We evaluated the performance of a novel capillary isoelectric focusing (CIEF) application for hemoglobinopathy screening on the recently introduced V8 E-Class platform.
Analytical performance of the V8 E-Class was evaluated and included assessment of hemoglobin A2 (HbA2) imprecision; linearity for HbA2, fetal hemoglobin (HbF), and sickle hemoglobin (HbS); and carryover for HbS. Furthermore, a method comparison with the Minicap Flex Piercing (Sebia, Lisses, France), the Variant Classic (Bio-Rad Laboratories, Hercules, CA), and the G8 (Tosoh Europe, Amsterdam, the Netherlands) was done to assess analytical and clinical concordance.

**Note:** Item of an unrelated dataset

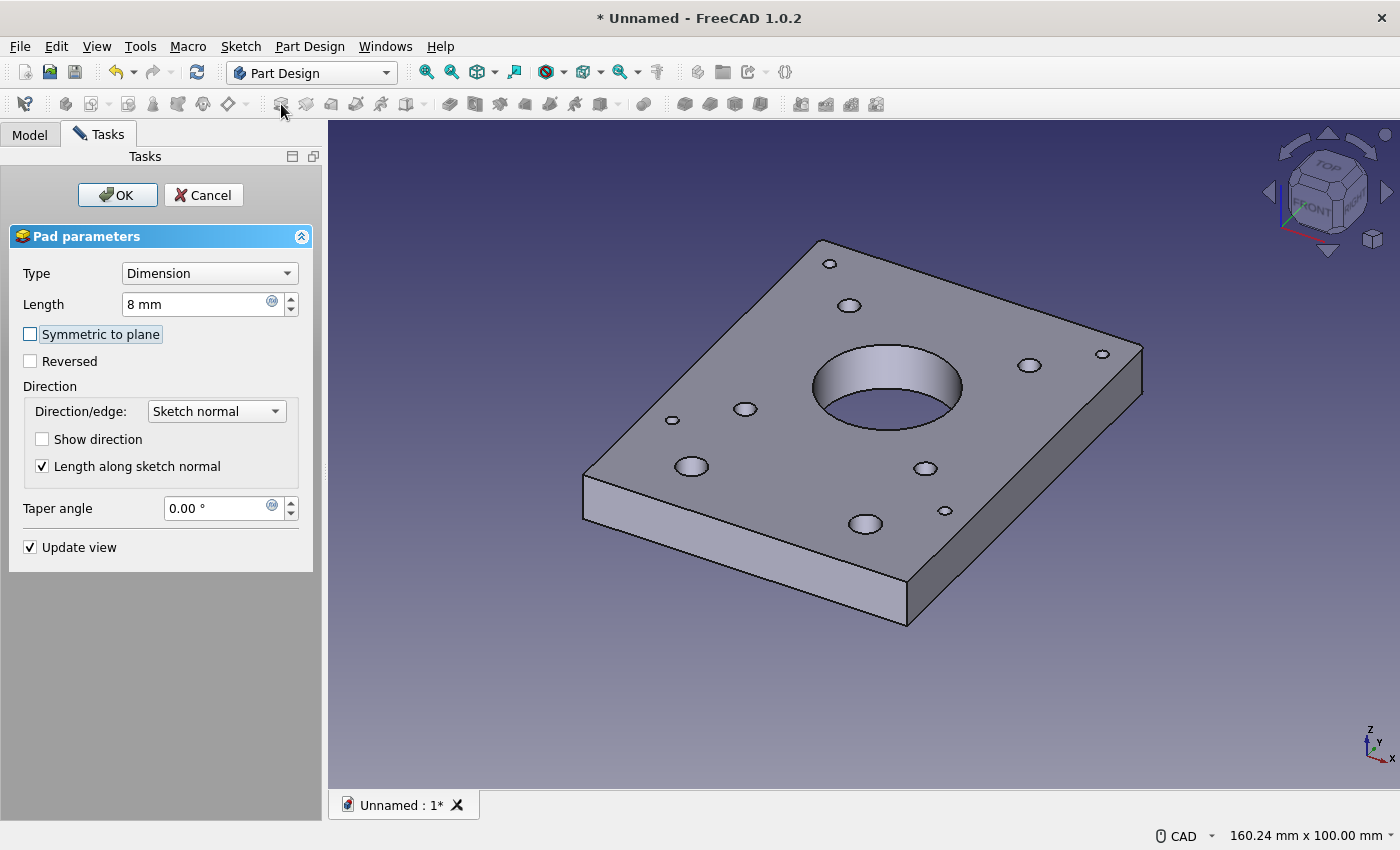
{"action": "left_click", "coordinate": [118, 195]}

Total HbA2 imprecision was 3.26% and 3.14% for normal and elevated HbA2 controls and 5.16% and 3.58% for a normal and a heterozygous HbS patient sample, respectively. HbA2, HbF, and HbS showed acceptable linearity, and no carryover was observed. The method comparison showed good analytical concordance (r > 0.95) except for a homozygous HbS subset (r = 0.532-0.704). A comparable phenomenon was seen for the clinical concordance with good agreement in samples without variants (weighted κ > 0.80) but poorer agreement in HbS samples (κ < 0.30).
Good analytical performance was demonstrated for this novel CIEF application for hemoglobinopathy screening. Method comparison showed generally good correlation but highlights the need for standardization. Finally, software optimization could further add to its use for routine hemoglobinopathy screening.